2023 Nobel Memorial Prize in Economic Sciences

Reason for Award

for having advanced our understanding of women’s labour market outcomes

Laureates

Claudia Goldin
Claudia Goldin

United States of AmericaUnited States of America

Explanation

Long ago many people believed that men should work outside and women should stay at home. Yet women also want to work and have the ability to do so. Professor Goldin looked through old newspapers and census records to uncover the long history of women at work. She found that when laws and workplaces make it easier to combine jobs and family life, many more women choose to work. These findings give us clues for creating a society where boys and girls can freely choose the jobs they like.

Related Keywords

gender wage gap

The gender wage gap refers to the difference in average pay between men and women, measured by hourly wages or annual earnings. Its size varies across countries, industries, and occupational ranks and has alternately widened and narrowed over history. Multiple factors interact: education levels, occupational choice, unequal promotion paths, career breaks owing to childbirth and child-rearing, and discriminatory practices. Goldin’s long-run data show that as compensation systems shifted from piece-rate to monthly salaries, the unexplained (discriminatory) component of the gap grew. Contemporary research documents that much of the remaining gap opens up immediately after motherhood, highlighting the importance of flexible work arrangements and child-care policies.

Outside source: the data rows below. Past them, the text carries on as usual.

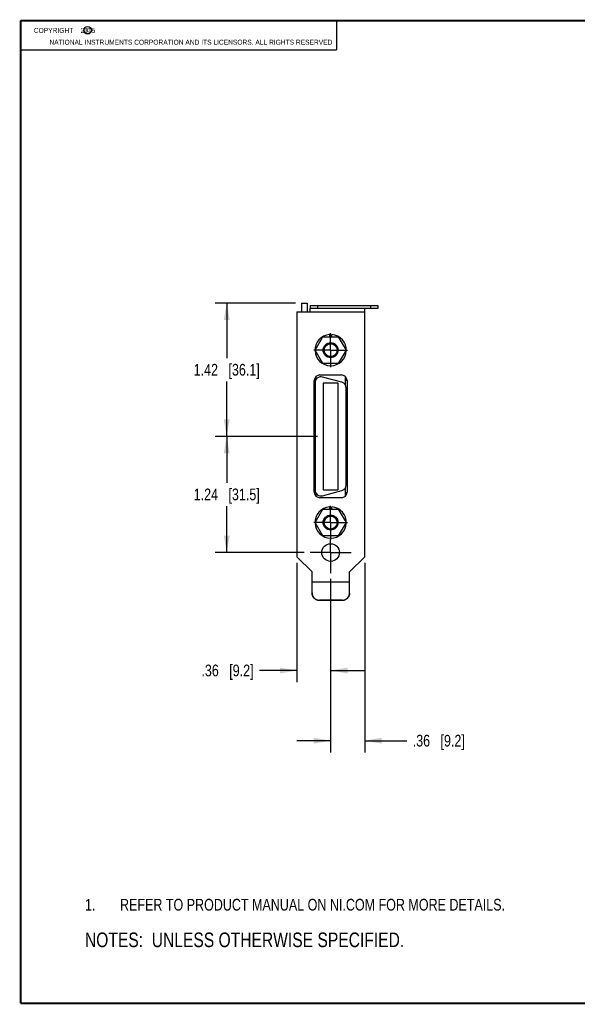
# Model space of a CAD drawing. Header units: inches. Extents: x 0.2 to 16.8, y 0.1 to 10.8.
# Tile 1 of 8: x 0.2 to 6.2, y 0.2 to 10.8. Entities that reach past the tile are written whole.
import ezdxf

# ---------------------------------------------------------------- set-up
doc = ezdxf.new("R2010")
doc.units = ezdxf.units.IN
doc.header["$LTSCALE"] = 0.935
doc.header["$MEASUREMENT"] = 0
doc.linetypes.add('CENTER', pattern=[0.6, 0.375, -0.075, 0.075, -0.075])
doc.layers.get('0').update_dxf_attribs({"linetype": 'CONTINUOUS'})
for name, color, linetype in [('DEFAULT_1', 7, 'CENTER'), ('DETAIL', 7, 'CONTINUOUS'), ('DIMENSIONS', 7, 'CONTINUOUS')]:
    doc.layers.add(name, color=color, linetype=linetype)
doc.styles.get("Standard").update_dxf_attribs({"font": 'txt', "width": 0.8})
doc.dimstyles.new('DIMSTYLE_1', dxfattribs={"dimtxt": 0.125, "dimasz": 0.18, "dimexe": 0.125, "dimexo": 0.0625, "dimgap": 0.0625, "dimtad": 0, "dimtih": 1, "dimtoh": 1, "dimzin": 4, "dimdsep": 46, "dimtxsty": 'STANDARD', "dimblk": '_FILLED', "dimblk1": '_FILLED', "dimblk2": '_FILLED', "dimcen": 0.09, "dimadec": 0, "dimazin": 0, "dimtp": 0.001, "dimtm": 0.001, "dimtfac": 1, "dimtofl": 0, "dimtmove": 0, "dimatfit": 3, "dimldrblk": '_FILLED', "dimfxl": 1, "dimtolj": 1, "dimtzin": 4, "dimarcsym": 0})

# ---------------------------------------------------------------- blocks, each defined once
blk = doc.blocks.new('CUSTOM_NOTE_BL0', base_point=(3.675, 1.312))
at = {"color": 2, "linetype": 'CONTINUOUS', "width": 0.8}
for s, p in [('1.', (0.938, 1.25)), ('REFER TO PRODUCT MANUAL ON NI.COM FOR MORE DETAILS.', (1.312, 1.25))]:
    blk.add_text(s, height=0.125, dxfattribs=at).set_placement(p)
blk = doc.blocks.new('_FILLED')
at = {"color": 0, "linetype": 'BYBLOCK'}
blk.add_solid([(0, 0), (-1, 0.174), (-1, -0.174)], dxfattribs=at)
blk = doc.blocks.new('*D11')
at = {"layer": 'DIMENSIONS', "color": 2, "linetype": 'CONTINUOUS'}
for p, q in [((3.203, 4.967), (3.203, 3.69)), ((3.564, 4.794), (3.564, 3.69)), ((3.203, 3.815), (2.802, 3.815)), ((3.564, 3.815), (3.924, 3.815))]:
    blk.add_line(p, q, dxfattribs=at)
at = {"layer": 'DIMENSIONS', "color": 2, "linetype": 'CONTINUOUS', "xscale": 0.18, "yscale": 0.18, "zscale": 0.18}
blk.add_blockref('_FILLED', (3.203, 3.815), dxfattribs=at)
at = {"layer": 'DIMENSIONS', "color": 2, "linetype": 'CONTINUOUS', "xscale": 0.18, "yscale": 0.18, "zscale": 0.18, "rotation": 180}
blk.add_blockref('_FILLED', (3.564, 3.815), dxfattribs=at)
at = {"layer": 'DIMENSIONS', "color": 2, "linetype": 'CONTINUOUS', "insert": (2.74, 3.878), "char_height": 0.125, "width": 0.925, "attachment_point": 3, "line_spacing_factor": 0.9}
blk.add_mtext('.36{\\Ftxt.shx;\\W1.000000;\\H0.125000; }[9.2]', dxfattribs=at)
blk = doc.blocks.new('*D12')
at = {"layer": 'DIMENSIONS', "color": 2, "linetype": 'CONTINUOUS'}
for p, q in [((3.928, 4.967), (3.928, 2.94)), ((3.564, 4.794), (3.564, 2.94)), ((3.564, 3.065), (3.204, 3.065)), ((3.928, 3.065), (4.379, 3.065))]:
    blk.add_line(p, q, dxfattribs=at)
at = {"layer": 'DIMENSIONS', "color": 2, "linetype": 'CONTINUOUS', "xscale": 0.18, "yscale": 0.18, "zscale": 0.18}
blk.add_blockref('_FILLED', (3.564, 3.065), dxfattribs=at)
at = {"layer": 'DIMENSIONS', "color": 2, "linetype": 'CONTINUOUS', "xscale": 0.18, "yscale": 0.18, "zscale": 0.18, "rotation": 180}
blk.add_blockref('_FILLED', (3.928, 3.065), dxfattribs=at)
at = {"layer": 'DIMENSIONS', "color": 2, "linetype": 'CONTINUOUS', "insert": (4.441, 3.128), "char_height": 0.125, "width": 0.925, "attachment_point": 1, "line_spacing_factor": 0.9}
blk.add_mtext('.36{\\Ftxt.shx;\\W1.000000;\\H0.125000; }[9.2]', dxfattribs=at)
blk = doc.blocks.new('*D13')
at = {"layer": 'DIMENSIONS', "color": 2, "linetype": 'CONTINUOUS'}
for p, q in [((3.189, 7.74), (2.328, 7.74)), ((2.453, 7.74), (2.453, 7.153)), ((2.453, 6.317), (2.453, 6.903)), ((3.422, 6.317), (2.328, 6.317))]:
    blk.add_line(p, q, dxfattribs=at)
at = {"layer": 'DIMENSIONS', "color": 2, "linetype": 'CONTINUOUS', "xscale": 0.18, "yscale": 0.18, "zscale": 0.18}
for p, rotation in [((2.453, 7.74), 90), ((2.453, 6.317), 270)]:
    blk.add_blockref('_FILLED', p, dxfattribs=dict(at, rotation=rotation))
at = {"layer": 'DIMENSIONS', "color": 2, "linetype": 'CONTINUOUS', "insert": (2.453, 7.091), "char_height": 0.125, "width": 1.125, "attachment_point": 2, "line_spacing_factor": 0.9}
blk.add_mtext('1.42{\\Ftxt.shx;\\W1.000000;\\H0.125000; }[36.1]', dxfattribs=at)
blk = doc.blocks.new('*D14')
at = {"layer": 'DIMENSIONS', "color": 2, "linetype": 'CONTINUOUS'}
for p, q in [((3.422, 6.317), (2.328, 6.317)), ((2.453, 6.317), (2.453, 5.821)), ((2.453, 5.076), (2.453, 5.571)), ((3.282, 5.076), (2.328, 5.076))]:
    blk.add_line(p, q, dxfattribs=at)
at = {"layer": 'DIMENSIONS', "color": 2, "linetype": 'CONTINUOUS', "xscale": 0.18, "yscale": 0.18, "zscale": 0.18}
for p, rotation in [((2.453, 6.317), 90), ((2.453, 5.076), 270)]:
    blk.add_blockref('_FILLED', p, dxfattribs=dict(at, rotation=rotation))
at = {"layer": 'DIMENSIONS', "color": 2, "linetype": 'CONTINUOUS', "insert": (2.453, 5.759), "char_height": 0.125, "width": 1.125, "attachment_point": 2, "line_spacing_factor": 0.9}
blk.add_mtext('1.24{\\Ftxt.shx;\\W1.000000;\\H0.125000; }[31.5]', dxfattribs=at)
blk = doc.blocks.new('NOTES_HEADER_BL1', base_point=(3.1215, 0.9375))
at = {"layer": 'DETAIL', "color": 2, "linetype": 'CONTINUOUS', "width": 0.8}
blk.add_text('NOTES:  UNLESS OTHERWISE SPECIFIED.', height=0.156, dxfattribs=at).set_placement((0.9375, 0.8595))

msp = doc.modelspace()

# ---------------------------------------------------------------- linework, layer by layer
at = {"color": 2, "linetype": 'CONTINUOUS'}
for p, q in [((0.25, 10.7586), (3.625, 10.7586)), ((0.25, 10.7586), (0.25, 10.4456)), ((3.625, 10.7586), (3.625, 10.4456)), ((0.25, 10.4456), (3.625, 10.4456))]:
    msp.add_line(p, q, dxfattribs=at)
at = {"color": 7, "linetype": 'CONTINUOUS'}
for p, q in [((3.2515, 7.7397), (3.2515, 7.6477)), ((3.2515, 7.7397), (3.314, 7.7397)), ((3.314, 7.7397), (3.314, 7.6477)), ((3.344, 7.7157), (3.344, 7.6817)), ((3.344, 7.7157), (4.069, 7.7157)), ((3.424, 7.7157), (3.424, 7.6817)), ((3.989, 7.7157), (3.989, 7.6817)), ((4.069, 7.7157), (4.069, 7.6817)), ((3.4001, 7.2377), (3.482, 7.3797)), ((3.482, 7.3797), (3.646, 7.3797)), ((3.5508, 7.4042), (3.5508, 7.3797)), ((3.5773, 7.3797), (3.5773, 7.4042)), ((3.646, 7.3797), (3.728, 7.2377)), ((3.482, 7.0957), (3.4001, 7.2377)), ((3.728, 7.2377), (3.646, 7.0957)), ((3.646, 7.0957), (3.482, 7.0957)), ((3.406, 6.9545), (3.406, 6.9229)), ((3.6851, 6.8943), (3.4751, 6.9506)), ((3.722, 6.8666), (3.722, 6.9545)), ((3.3892, 6.9157), (3.4023, 6.9157)), ((3.397, 6.8907), (3.397, 5.7427)), ((3.484, 6.8867), (3.484, 5.7467)), ((3.644, 6.8867), (3.484, 6.8867)), ((3.644, 5.7467), (3.644, 6.8867)), ((3.722, 6.9157), (3.7389, 6.9157)), ((3.731, 5.799), (3.731, 6.8344)), ((3.3892, 5.7177), (3.4023, 5.7177)), ((3.406, 5.7105), (3.406, 5.6789)), ((3.4751, 5.6828), (3.6851, 5.7391)), ((3.484, 5.7467), (3.644, 5.7467)), ((3.722, 5.6789), (3.722, 5.7668)), ((3.722, 5.7177), (3.7389, 5.7177)), ((3.4001, 5.3957), (3.482, 5.5377)), ((3.482, 5.5377), (3.646, 5.5377)), ((3.5508, 5.5622), (3.5508, 5.5377)), ((3.5773, 5.5377), (3.5773, 5.5622)), ((3.646, 5.5377), (3.728, 5.3957)), ((3.482, 5.2537), (3.4001, 5.3957)), ((3.728, 5.3957), (3.646, 5.2537)), ((3.646, 5.2537), (3.482, 5.2537)), ((3.445, 4.5654), (3.445, 4.5624)), ((3.686, 4.5624), (3.445, 4.5624)), ((3.686, 4.5654), (3.686, 4.5624))]:
    msp.add_line(p, q, dxfattribs=at)
at = {"color": 3, "linetype": 'CONTINUOUS'}
for p, q in [((3.344, 7.6477), (3.344, 7.6817)), ((4.069, 7.6817), (3.344, 7.6817)), ((3.928, 5.0297), (3.928, 7.6817)), ((3.203, 7.6477), (3.203, 5.0297)), ((3.203, 7.6477), (3.928, 7.6477)), ((3.449, 6.9727), (3.679, 6.9727)), ((3.389, 5.7207), (3.389, 6.9127)), ((3.739, 6.9127), (3.739, 5.7207)), ((3.679, 5.6607), (3.449, 5.6607)), ((3.365, 4.8677), (3.203, 5.0297)), ((3.928, 5.0297), (3.766, 4.8677)), ((3.365, 4.6451), (3.365, 4.8677)), ((3.766, 4.6451), (3.766, 4.8677)), ((3.365, 4.7637), (3.766, 4.7637)), ((3.365, 4.7607), (3.766, 4.7607)), ((3.686, 4.5654), (3.445, 4.5654))]:
    msp.add_line(p, q, dxfattribs=at)
at = {"color": 7, "linetype": 'CONTINUOUS', "const_width": 0.02}
for points in [[(0.25, 10.7586), (0.25, 0.2586)], [(16.75, 10.7586), (0.25, 10.7586)], [(0.25, 0.2586), (16.75, 0.2586)]]:
    msp.add_lwpolyline(points, dxfattribs=at)
at = {"color": 2, "linetype": 'CONTINUOUS'}
msp.add_circle((0.9659, 10.6562), 0.0403, dxfattribs=at)
at = {"color": 7, "linetype": 'CONTINUOUS'}
for centre, radius in [((3.564, 7.2377), 0.08), ((3.564, 7.2377), 0.069), ((3.564, 5.3957), 0.08), ((3.564, 5.3957), 0.069)]:
    msp.add_circle(centre, radius, dxfattribs=at)
at = {"color": 3, "linetype": 'CONTINUOUS'}
msp.add_circle((3.564, 5.0757), 0.0945, dxfattribs=at)
at = {"color": 7, "linetype": 'CONTINUOUS'}
for centre, radius, start, end in [((3.564, 7.2377), 0.167, 94.55071, 85.44929), ((3.459, 6.8907), 0.062, 75, 180), ((3.669, 6.8344), 0.062, 0, 75), ((3.669, 5.799), 0.062, 285, 360), ((3.459, 5.7427), 0.062, 180, 285), ((3.564, 5.3957), 0.167, 94.55071, 85.44929)]:
    msp.add_arc(centre, radius, start, end, dxfattribs=at)
at = {"color": 3, "linetype": 'CONTINUOUS'}
for centre, start, end in [((3.449, 6.9127), 90, 180), ((3.679, 6.9127), 0, 90), ((3.449, 5.7207), 180, 270), ((3.679, 5.7207), 270, 360)]:
    msp.add_arc(centre, 0.06, start, end, dxfattribs=at)
for points, knots in [([(3.365, 4.6451), (3.365, 4.6399), (3.3658, 4.632), (3.3683, 4.6219), (3.371, 4.6145), (3.3744, 4.6075), (3.3797, 4.5985), (3.3881, 4.5884), (3.3983, 4.5801), (3.4073, 4.5747), (3.4144, 4.5713), (3.4218, 4.5687), (3.4319, 4.5662), (3.4398, 4.5654), (3.445, 4.5654)], [0, 0, 0, 0, 0.1246522, 0.1871344, 0.2495873, 0.312036, 0.3745072, 0.4993908, 0.6243675, 0.686951, 0.7495509, 0.8121882, 0.8748808, 1, 1, 1, 1]), ([(3.686, 4.5654), (3.6912, 4.5654), (3.6991, 4.5662), (3.7093, 4.5687), (3.7167, 4.5713), (3.7238, 4.5747), (3.7328, 4.5801), (3.743, 4.5884), (3.7513, 4.5985), (3.7567, 4.6075), (3.7601, 4.6145), (3.7627, 4.6219), (3.7652, 4.632), (3.766, 4.6399), (3.766, 4.6451)], [0, 0, 0, 0, 0.1251192, 0.1878118, 0.2504491, 0.313049, 0.3756325, 0.5006092, 0.6254928, 0.687964, 0.7504127, 0.8128656, 0.8753478, 1, 1, 1, 1])]:
    msp.add_open_spline(points, degree=3, knots=knots, dxfattribs=at)
at = {"color": 7, "linetype": 'CONTINUOUS'}
for points, knots in [([(3.445, 4.5624), (3.4398, 4.5624), (3.4319, 4.5632), (3.4218, 4.5657), (3.4144, 4.5684), (3.4073, 4.5717), (3.3983, 4.5771), (3.3881, 4.5854), (3.3797, 4.5955), (3.3744, 4.6045), (3.371, 4.6116), (3.3683, 4.619), (3.3658, 4.6291), (3.365, 4.6369), (3.365, 4.6421)], [0, 0, 0, 0, 0.1251192, 0.1878118, 0.2504491, 0.313049, 0.3756325, 0.5006092, 0.6254928, 0.687964, 0.7504127, 0.8128656, 0.8753478, 1, 1, 1, 1]), ([(3.766, 4.6421), (3.766, 4.6369), (3.7652, 4.6291), (3.7627, 4.619), (3.7601, 4.6116), (3.7567, 4.6045), (3.7513, 4.5955), (3.743, 4.5854), (3.7328, 4.5771), (3.7238, 4.5717), (3.7167, 4.5684), (3.7093, 4.5657), (3.6991, 4.5632), (3.6912, 4.5624), (3.686, 4.5624)], [0, 0, 0, 0, 0.1246522, 0.1871344, 0.2495873, 0.312036, 0.3745072, 0.4993908, 0.6243675, 0.686951, 0.7495509, 0.8121882, 0.8748808, 1, 1, 1, 1])]:
    msp.add_open_spline(points, degree=3, knots=knots, dxfattribs=at)
at = {"layer": 'DEFAULT_1', "color": 7, "linetype": 'CENTER'}
for p, q in [((3.564, 7.2377), (3.564, 7.4177)), ((3.564, 7.2377), (3.384, 7.2377)), ((3.564, 7.2377), (3.564, 7.0577)), ((3.564, 7.2377), (3.744, 7.2377)), ((3.564, 5.3957), (3.564, 5.5757)), ((3.564, 5.3957), (3.384, 5.3957)), ((3.564, 5.3957), (3.744, 5.3957)), ((3.564, 5.3957), (3.564, 5.2157)), ((3.564, 5.0757), (3.564, 5.2157)), ((3.564, 5.0757), (3.3445, 5.0757)), ((3.564, 5.0757), (3.7835, 5.0757)), ((3.564, 5.0757), (3.564, 4.8562))]:
    msp.add_line(p, q, dxfattribs=at)

# ---------------------------------------------------------------- block references
at = {"color": 2, "linetype": 'CONTINUOUS'}
msp.add_blockref('CUSTOM_NOTE_BL0', (3.6751, 1.3124), dxfattribs=at)
at = {"layer": 'DETAIL', "color": 2, "linetype": 'CONTINUOUS'}
msp.add_blockref('NOTES_HEADER_BL1', (3.1215, 0.9375), dxfattribs=at)

# ---------------------------------------------------------------- texts
at = {"color": 2, "linetype": 'CONTINUOUS', "char_height": 0.053, "attachment_point": 1, "line_spacing_factor": 0.9}
for s, insert, width in [('c', (0.946, 10.6893), 0.0424), ('NATIONAL INSTRUMENTS CORPORATION AND ITS LICENSORS. ALL RIGHTS RESERVED', (0.5583, 10.5546), 3.0104)]:
    msp.add_mtext(s, dxfattribs=dict(at, insert=insert, width=width))
at = {"layer": 'DETAIL', "color": 2, "linetype": 'CONTINUOUS', "insert": (0.3125, 10.6805), "char_height": 0.053, "width": 0.8904, "attachment_point": 1, "line_spacing_factor": 0.9}
msp.add_mtext('    COPYRIGHT    2015', dxfattribs=at)

# ---------------------------------------------------------------- dimensions: what is measured, and where the dimension line sits
at = {"layer": 'DIMENSIONS', "color": 2, "linetype": 'CONTINUOUS'}
for p1, angle, picture, middle in [((3.2515, 7.7397), 270, '*D13', (2.453, 7.0282)), ((3.3445, 5.0757), 90, '*D14', (2.453, 5.6962))]:
    dim = msp.add_linear_dim(base=(2.453, 6.3167), p1=p1, p2=(3.484, 6.3167), angle=angle, dimstyle='DIMSTYLE_1', dxfattribs=at)
    dim.commit()
    dim.dimension.update_dxf_attribs({"geometry": picture, "text_midpoint": middle, "dimtype": 160})
for base, p1, p2, picture, middle in [((3.564, 3.8154), (3.203, 5.0297), (3.564, 4.8562), '*D11', (2.2775, 3.8154)), ((3.928, 3.0654), (3.564, 4.8562), (3.928, 5.0297), '*D12', (4.9037, 3.0654))]:
    dim = msp.add_linear_dim(base=base, p1=p1, p2=p2, dimstyle='DIMSTYLE_1', dxfattribs=at)
    dim.commit()
    dim.dimension.update_dxf_attribs({"geometry": picture, "text_midpoint": middle, "dimtype": 160})

doc.saveas('drawing.dxf')

labor force participation rate

Labor-force participation rate measures the share of people who are willing and able to work and who are active in the labor market. Women’s participation responds strongly to economic structure, educational opportunities, social norms, and child-care policies. Goldin demonstrated that U.S. female participation traced a U-shaped path, falling with industrialization and rebounding in the twentieth century. Similar patterns have been observed in many countries, warning that economic growth alone does not automatically raise women’s participation. Policies such as affordable child care and flexible work schedules are therefore vital for higher participation.

marriage bar

A marriage bar was a policy that required women to resign from teaching and clerical jobs once they married, common in the United States during the early twentieth century. It was partly justified as a way to preserve jobs for men and spread most widely during the Great Depression of the 1930s. Goldin matched state laws with personnel records and quantified how marriage bars sharply reduced women’s skill accumulation and lifetime earnings. Although the bars were legally abolished after World War II, affected cohorts could not fully recover their careers. Modern forms of exclusion, such as dismissal upon pregnancy or denial of contract renewal, can be seen as descendants of the marriage bar.

motherhood penalty

The motherhood penalty refers to the sharp slowdown in women’s wage growth and promotions after the birth of their first child. Event-study and fixed-effects analyses show that the penalty emerges immediately after childbirth and persists for at least a decade. Goldin and co-authors found that even highly career-oriented MBA graduates experience an income gap of around 40 percent within ten years. Mechanisms include wage schemes built on long hours, unequal division of child-care responsibilities, and employer biases in promotion decisions. Policies that encourage fathers’ leave taking and provide flexible full-time work can mitigate the penalty.

U-shaped curve

The U-shaped curve depicts women’s labor-force participation over time: it falls during early industrialization and rises again in the modern era. The shift from farm to factory separated home and workplace, constraining women’s job options and driving the downturn. Later, expansion of education, growth of services, and labor-saving household technology supported the upturn, while the pace of norm change determined the length of the trough. The concept has been replicated across countries and informs gender-sensitive policy design at different stages of economic development.

economic history

Economic history combines historical sources with economic analysis to understand past activities and institutional changes and apply those insights today. Goldin used this approach to quantify women’s labor and earnings that were largely invisible in official statistics. By re-coding occupational categories and excavating household budgets and factory ledgers, she overcame data shortages and provided information suitable for causal inference. Such quantitative economic history is increasingly applied to evaluate long-run effects of pension systems, education policies, and more.

diffusion of the pill

The spread of the oral contraceptive pill allowed women to control the timing of childbirth, dramatically altering their education and career investment. Goldin exploited state-level differences in the legal age at which the pill became available and showed that early access raised age at first marriage and encouraged enrollment in lucrative majors such as law, economics, and medicine. The pill accelerated female labor-supply growth and contributed to narrowing wage gaps. Similar effects are now being studied in developing countries as reproductive-health technologies expand.

cohort analysis

Cohort analysis tracks people born in the same year group to compare behaviors and outcomes, capturing how expectations and institutions differ across generations. Goldin measured women’s anticipated lifetime labor supply by cohort and showed that expectation errors influence education choices and long-term wage gaps. Women born in the 1950s, for instance, underestimated career length and chose narrower college majors, lowering lifetime earnings. Cohort analysis reveals lags that make aggregate statistics slow to capture behavioral change and thus refines policy evaluation. The approach is widely applied in designing long-term social-security and labor-market reforms.